━━━━━ Extracted material ━━━━━

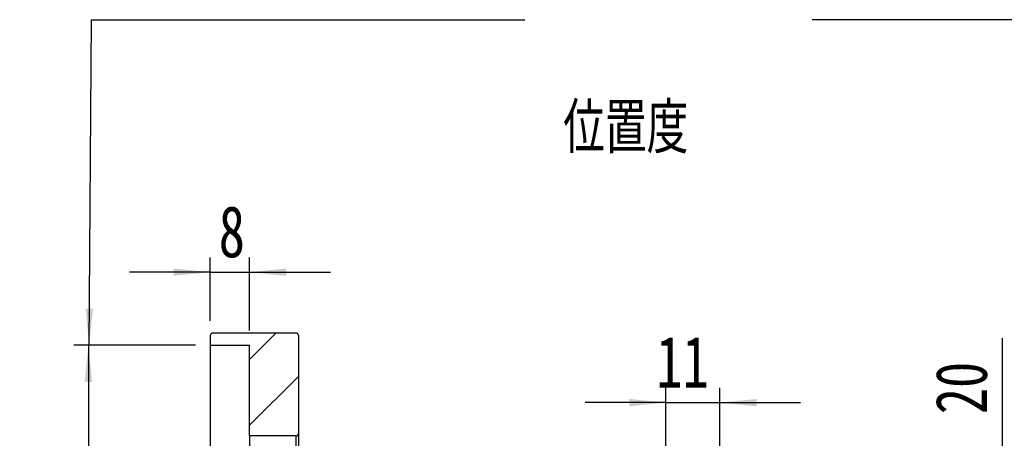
# Model space of a CAD drawing. Header units: millimetres. Extents: x 55 to 273, y 20 to 196.
# Tile 6 of 10: x 172 to 239, y 65 to 94. Entities that reach past the tile are written whole.
import ezdxf

# ---------------------------------------------------------------- set-up
doc = ezdxf.new("R2010")
doc.units = ezdxf.units.MM
doc.layers.add('FORMAT', color=7, linetype='Continuous')
doc.styles.add('SLDTEXTSTYLE0', font='TXT', dxfattribs={"width": 0.75})
doc.styles.add('SLDTEXTSTYLE1', font='TXT', dxfattribs={"width": 0.75, "bigfont": 'bigfont'})
doc.dimstyles.new('SLDDIMSTYLE2', dxfattribs={"dimtxt": 3.5, "dimasz": 2.5, "dimexe": 0, "dimexo": 0.0625, "dimgap": 0.875, "dimtad": 1, "dimlfac": 3, "dimrnd": 1e-09, "dimzin": 12, "dimdsep": 46, "dimtxsty": 'SLDTEXTSTYLE0', "dimsah": 1, "dimcen": 0.09, "dimadec": 0, "dimazin": 3, "dimtfac": 1, "dimtofl": 0, "dimtmove": 0, "dimatfit": 3, "dimfxl": 0, "dimfrac": 2, "dimtolj": 1, "dimtzin": 12, "dimarcsym": 0})
doc.dimstyles.new('SLDDIMSTYLE3', dxfattribs={"dimtxt": 3.5, "dimasz": 2.5, "dimexe": 0, "dimexo": 0.0625, "dimgap": 0.875, "dimtad": 1, "dimlfac": 3, "dimrnd": 1e-09, "dimzin": 12, "dimdsep": 46, "dimtxsty": 'SLDTEXTSTYLE0', "dimsah": 1, "dimcen": 0.09, "dimadec": 0, "dimazin": 3, "dimtfac": 1, "dimtmove": 0, "dimatfit": 0, "dimfxl": 0, "dimfrac": 2, "dimtolj": 1, "dimtzin": 12, "dimarcsym": 0})
doc.dimstyles.new('SLDDIMSTYLE7', dxfattribs={"dimtxt": 3.5, "dimasz": 2.5, "dimexe": 0, "dimexo": 0.0625, "dimgap": 0.875, "dimtad": 1, "dimlfac": 3, "dimrnd": 1e-09, "dimzin": 12, "dimdsep": 46, "dimtxsty": 'SLDTEXTSTYLE0', "dimsah": 1, "dimcen": 0.09, "dimadec": 0, "dimazin": 3, "dimtfac": 1, "dimtofl": 0, "dimtmove": 0, "dimatfit": 3, "dimfxl": 0, "dimfrac": 2, "dimtolj": 1, "dimarcsym": 0})

# ---------------------------------------------------------------- blocks, each defined once
blk = doc.blocks.new('_D_14')
at = {"layer": 'FORMAT', "color": 7}
for p, q in [((215.68, 63.895), (215.68, 68.658)), ((219.347, 64.395), (219.347, 68.658)), ((215.68, 67.658), (210.18, 67.658)), ((215.68, 67.658), (219.347, 67.658)), ((219.347, 67.658), (224.847, 67.658))]:
    blk.add_line(p, q, dxfattribs=at)
for points in [[(215.68, 67.658), (213.18, 67.908), (213.18, 67.408)], [(219.347, 67.658), (221.847, 67.408), (221.847, 67.908)]]:
    blk.add_solid(points, dxfattribs=at)
at = {"layer": 'FORMAT', "color": 7, "insert": (215.021, 72.17), "char_height": 3.5, "attachment_point": 1, "style": 'SLDTEXTSTYLE0'}
blk.add_mtext('11', dxfattribs=at)
blk = doc.blocks.new('_D_15')
at = {"layer": 'FORMAT', "color": 7}
for p, q in [((238.587, 59.062), (238.587, 72.041)), ((229.513, 59.062), (239.587, 59.062)), ((238.587, 59.062), (238.587, 52.395)), ((229.513, 52.395), (239.587, 52.395))]:
    blk.add_line(p, q, dxfattribs=at)
for points in [[(238.587, 59.062), (238.337, 56.562), (238.837, 56.562)], [(238.587, 52.395), (238.837, 54.895), (238.337, 54.895)]]:
    blk.add_solid(points, dxfattribs=at)
at = {"layer": 'FORMAT', "color": 7, "char_height": 3.5, "attachment_point": 1, "rotation": 90, "style": 'SLDTEXTSTYLE0'}
for s, insert in [('20', (234.022, 66.869)), ('%%c', (234.076, 61.59))]:
    blk.add_mtext(s, dxfattribs=dict(at, insert=insert))
blk = doc.blocks.new('_D_17')
at = {"layer": 'FORMAT', "color": 7}
for p, q in [((184.68, 73.228), (184.68, 77.54)), ((187.347, 72.562), (187.347, 77.54)), ((184.68, 76.54), (179.18, 76.54)), ((184.68, 76.54), (187.347, 76.54)), ((187.347, 76.54), (192.847, 76.54))]:
    blk.add_line(p, q, dxfattribs=at)
for points in [[(184.68, 76.54), (182.18, 76.79), (182.18, 76.29)], [(187.347, 76.54), (189.847, 76.29), (189.847, 76.79)]]:
    blk.add_solid(points, dxfattribs=at)
at = {"layer": 'FORMAT', "color": 7, "insert": (185.249, 81.052), "char_height": 3.5, "attachment_point": 1, "style": 'SLDTEXTSTYLE0'}
blk.add_mtext('8', dxfattribs=at)
blk = doc.blocks.new('_D_18')
at = {"layer": 'FORMAT', "color": 7}
for p, q in [((183.68, 71.562), (175.383, 71.562)), ((176.383, 71.562), (176.383, 39.895)), ((183.68, 39.895), (175.383, 39.895))]:
    blk.add_line(p, q, dxfattribs=at)
for points in [[(176.383, 71.562), (176.133, 69.062), (176.633, 69.062)], [(176.383, 39.895), (176.633, 42.395), (176.133, 42.395)]]:
    blk.add_solid(points, dxfattribs=at)
at = {"layer": 'FORMAT', "color": 7, "char_height": 3.5, "attachment_point": 1, "rotation": 90, "style": 'SLDTEXTSTYLE0'}
for s, insert in [('H7', (171.818, 56.69)), ('95', (171.818, 50.206)), ('%%c', (171.871, 44.927))]:
    blk.add_mtext(s, dxfattribs=dict(at, insert=insert))

msp = doc.modelspace()

# ---------------------------------------------------------------- hatches: boundary and pattern name
at = {"layer": 'FORMAT', "linetype": 'Continuous', "lineweight": 18}
h = msp.add_hatch(dxfattribs=at)
h.set_pattern_fill('ANSI31', color=256, style=0)
edge = h.paths.add_edge_path(flags=0)
edge.add_arc((190.5133, 72.2283), 0.1667, 0, 90)
edge.add_line((190.5133, 72.3949), (184.8467, 72.3949))
edge.add_arc((184.8467, 72.2283), 0.1667, 90, 180)
edge.add_line((184.68, 72.2283), (184.68, 71.5616))
edge.add_line((184.68, 71.5616), (187.3467, 71.5616))
edge.add_line((187.3467, 71.5616), (187.3467, 65.3949))
edge.add_line((187.3467, 65.3949), (190.5133, 65.3949))
edge.add_arc((190.5133, 65.5616), 0.1667, 270, 360)
edge.add_line((190.68, 65.5616), (190.68, 72.2283))

# ---------------------------------------------------------------- linework, layer by layer
at = {"color": 7, "linetype": 'Continuous', "lineweight": 25}
for p, q in [((190.5133, 72.3949), (184.8467, 72.3949)), ((184.68, 72.2283), (184.68, 71.5616)), ((190.68, 72.2283), (190.68, 65.5616)), ((184.68, 71.5616), (187.3467, 71.5616)), ((184.68, 71.5616), (184.68, 39.8949)), ((187.3467, 65.3949), (187.3467, 71.5616)), ((190.5133, 65.3949), (187.3467, 65.3949)), ((187.3467, 65.3949), (187.3467, 46.0616)), ((190.5133, 46.0616), (190.5133, 65.3949)), ((190.68, 65.5616), (190.68, 45.8949))]:
    msp.add_line(p, q, dxfattribs=at)
for centre, start, end in [((184.8467, 72.2283), 90, 180), ((190.5133, 72.2283), 0, 90), ((190.5133, 65.5616), 270, 0)]:
    msp.add_arc(centre, 0.1667, start, end, dxfattribs=at)
at = {"layer": 'FORMAT', "color": 7}
for p, q in [((176.4319, 71.5616), (176.6051, 93.7256)), ((176.6051, 93.7256), (206.0792, 93.7256)), ((248.5295, 93.7256), (225.6293, 93.7256))]:
    msp.add_line(p, q, dxfattribs=at)
msp.add_solid([(176.4319, 71.5616), (176.7014, 74.0596), (176.2014, 74.0635)], dxfattribs=at)

# ---------------------------------------------------------------- texts
at = {"layer": 'FORMAT', "color": 7, "insert": (208.6935, 88.0685), "char_height": 3.439583, "attachment_point": 1, "style": 'SLDTEXTSTYLE1'}
msp.add_mtext('\\M+188CA\\M+19275\\M+19378', dxfattribs=at)

# ---------------------------------------------------------------- dimensions: what is measured, and where the dimension line sits
at = {"layer": 'FORMAT', "color": 7}
for base, p1, p2, picture, middle in [((187.3467, 76.5398), (184.68, 72.2283), (187.3467, 71.5616), '_D_17', (186.5417, 76.5398)), ((219.3467, 67.6582), (215.68, 62.8949), (219.3467, 63.3949), '_D_14', (217.6069, 67.6582))]:
    dim = msp.add_linear_dim(base=base, p1=p1, p2=p2, dimstyle='SLDDIMSTYLE3', dxfattribs=at)
    dim.commit()
    dim.dimension.update_dxf_attribs({"geometry": picture, "text_midpoint": middle, "dimtype": 160})
for base, p1, p2, text, dimstyle, picture, middle in [((238.5874, 52.3949), (228.5133, 59.0616), (228.5133, 52.3949), '%%c<>', 'SLDDIMSTYLE2', '_D_15', (238.5874, 66.8156)), ((176.3829, 39.8949), (184.68, 71.5616), (184.68, 39.8949), '%%c<>H7', 'SLDDIMSTYLE7', '_D_18', (176.3829, 53.6864))]:
    dim = msp.add_linear_dim(base=base, p1=p1, p2=p2, angle=90, text=text, dimstyle=dimstyle, dxfattribs=at)
    dim.commit()
    dim.dimension.update_dxf_attribs({"geometry": picture, "text_midpoint": middle, "dimtype": 160})

doc.saveas('drawing.dxf')

━━━━━

> **What you should do**
Whenever the string "insert" shows up in a line above, copy that line.

> **Task answer**
at = {"layer": 'FORMAT', "color": 7, "insert": (215.021, 72.17), "char_height": 3.5, "attachment_point": 1, "style": 'SLDTEXTSTYLE0'}
for s, insert in [('20', (234.022, 66.869)), ('%%c', (234.076, 61.59))]:
    blk.add_mtext(s, dxfattribs=dict(at, insert=insert))
at = {"layer": 'FORMAT', "color": 7, "insert": (185.249, 81.052), "char_height": 3.5, "attachment_point": 1, "style": 'SLDTEXTSTYLE0'}
for s, insert in [('H7', (171.818, 56.69)), ('95', (171.818, 50.206)), ('%%c', (171.871, 44.927))]:
    blk.add_mtext(s, dxfattribs=dict(at, insert=insert))
at = {"layer": 'FORMAT', "color": 7, "insert": (208.6935, 88.0685), "char_height": 3.439583, "attachment_point": 1, "style": 'SLDTEXTSTYLE1'}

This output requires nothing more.